После станции Сьерра-Бланка поезд еще какое-то время шел вдоль реки, а потом круто заворачивал. Этот поворот Орлов никогда не пропускал, он ждал его, заранее прильнув к окну.
Вот что-то запело под тряским полом вагона, по-новому застучали колеса, и вагон едва заметно накренился. Орлов не сводил глаз с бегущей за окном гибкой линии холмов, то ныряющей вниз, то снова взлетающей. И вот она. Его часовня. Несколько секунд она виднелась над холмами, словно поворачиваясь, поблескивая куполом. Крыша пламенела ярким красным пятном в сером низком небе.
Капитан Орлов перекрестился. Но вдруг рука его замерла, не дойдя до плеча. В последнюю секунду, прежде чем холмы скрыли от него силуэт часовни, он отчетливо увидел рядом с ней двух лошадей…
2. Двое у часовни
Захар сидел на скамеечке под акацией, ожидая, пока Тихомиров закончит молиться. Из-за приоткрытой двери часовни доносилось гнусавое пение. «… И спаси, Блаже, ду-у-ши на-а-а-ши».
— Как только закончим эту канитель, не задержусь в Америке ни на минуту, — сказал Тихомиров, выходя из часовни. — Поезд, пароход, Париж. О, Париж… От одной мысли о нем у меня начинается дрожь во всем теле. Ты любишь Париж, Захар?
— Мне и в Лондоне хорошо было, — уклончиво ответил Захар Гурский.
— Ты говоришь так только потому, что не знаешь Париж, как знаю его я. Да ты, брат, пожалуй, и не бывал на берегах Сены!
Захар бывал. Но счел за лучшее промолчать.
Последний раз он был в Париже аккурат три года назад. Руководитель зарубежной агентуры Петр Иванович Рачковский прекрасно говорил по-французски, обожал французскую кухню, был женат на француженке, дружил с французскими банкирами. Естественно, что он и жил в Париже, хотя считалось, что центр борьбы с эмигрантами должен находиться в Женеве или в Лондоне. Но Петр Иванович избрал Париж. А скоро и домишко приобрел в пригороде французской столицы. В промозглый ноябрьский вечер Захар чуть не простыл, несколько часов простояв на обочине дороги между Парижем и Сен-Клу. Он приехал сюда из Лондона, где погода тоже не сахар. Но почему-то на берегу Темзы его никогда не колотила такая дрожь, как сейчас. Наверно, не только холод был причиной такого озноба. Захар ждал от Рачковского ответа на свое прошение об отставке.
Его сделали агентом еще тогда, когда он заканчивал реальное училище. Смышленого парнишку подвели к группе студентов, которые сеяли смуту на рабочих окраинах. Его отчеты были полны важных подробностей. Захар обладал цепкой памятью и запоминал всё — клички, особые приметы, отношения между участниками кружка… Студенты поручили ему передать забастовщикам кипу газет — и он передал, предварительно встретившись со своим покровителем из жандармского управления. Это был первый подвиг юного революционера: газеты разошлись по цехам. Через неделю бунтовщиков стали хватать по одному — кого дома, кого по дороге к заводу. И наличие антиправительственной прокламации в кармане оказывалось главным основанием для ареста и последующего сурового приговора.

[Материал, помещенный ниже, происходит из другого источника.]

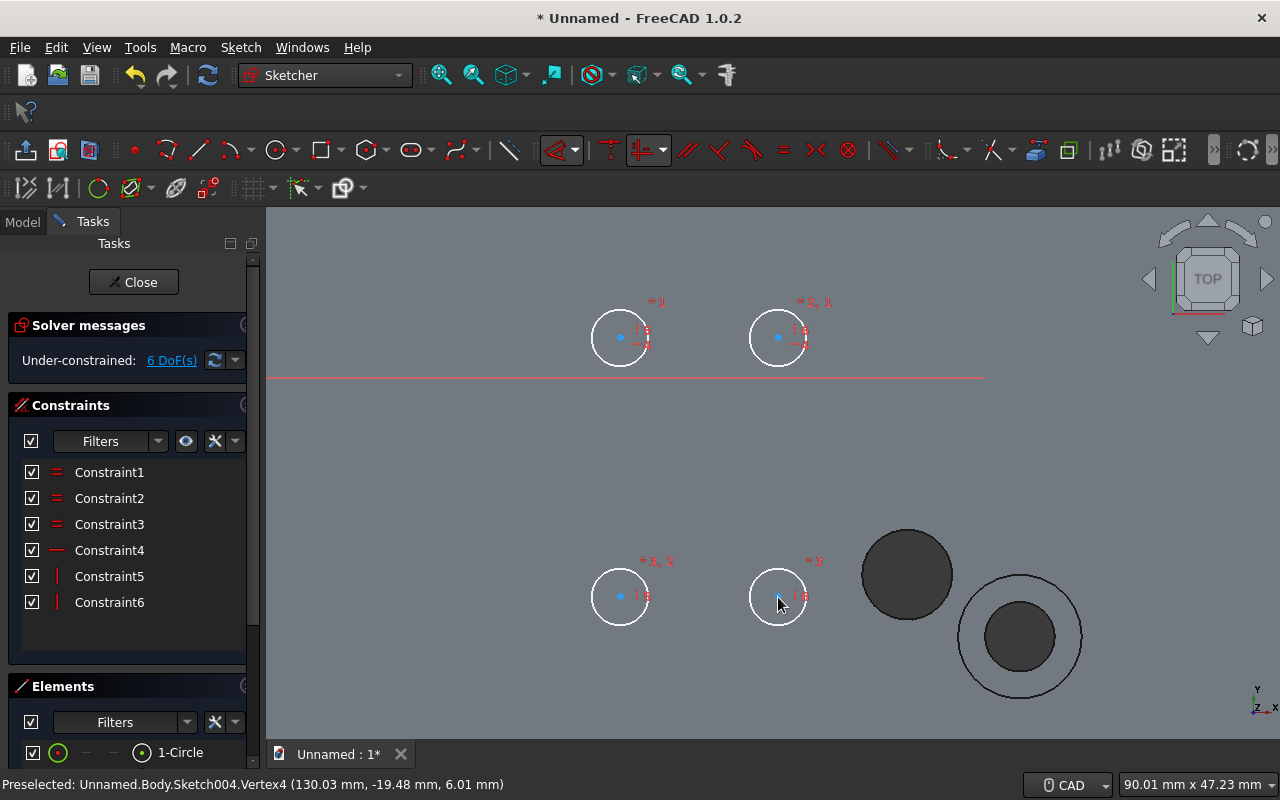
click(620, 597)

Захар помнил каждый свой ход в этой игре. Его «подвиги» становились все опаснее. Он стал курьером, потом — боевиком. После первого убийства его перебросили сначала в Германию, потом в Англию. Он не боялся крови и спокойно шел на «острые акции». Захар всегда ощущал за спиной незримую поддержку Системы, и верил в свою неуязвимость. Только в последнее время его стало преследовать странное чувство — он уже не понимал, кому служит: Департаменту полиции или террору? Он стал слугой двух господ. Один господин был не лучше другого. И революционеры, и жандармы приказывали ему убивать. Захар знал — рано или поздно за кровь придется отвечать. Раньше-то он об этом не думал, но теперь, когда стукнуло тридцать, пора было перейти к мирной жизни…
Наконец у обочины остановился фиакр, из-за полога показалось раскрасневшееся лицо Петра Ивановича, и Захар забрался в карету, укрывшись воротником от взглядов извозчика. Петр Иванович похвалил его за расторопность, а потом сказал, что его письму не может быть дан ход. Больше того, вопреки установленному порядку, это донесение не было занесено в реестр тайной корреспонденции и по прочтении было немедленно уничтожено. «Надеюсь, ты не в обиде», — добавил Петр Иванович. Захар не обиделся. Бумагу можно сжечь, но, если бы потребовалось, он легко бы восстановил написанное, слово в слово. Даже теперь, спустя три года, он помнил каждую строчку того письма, выстраданного бессонными ночами.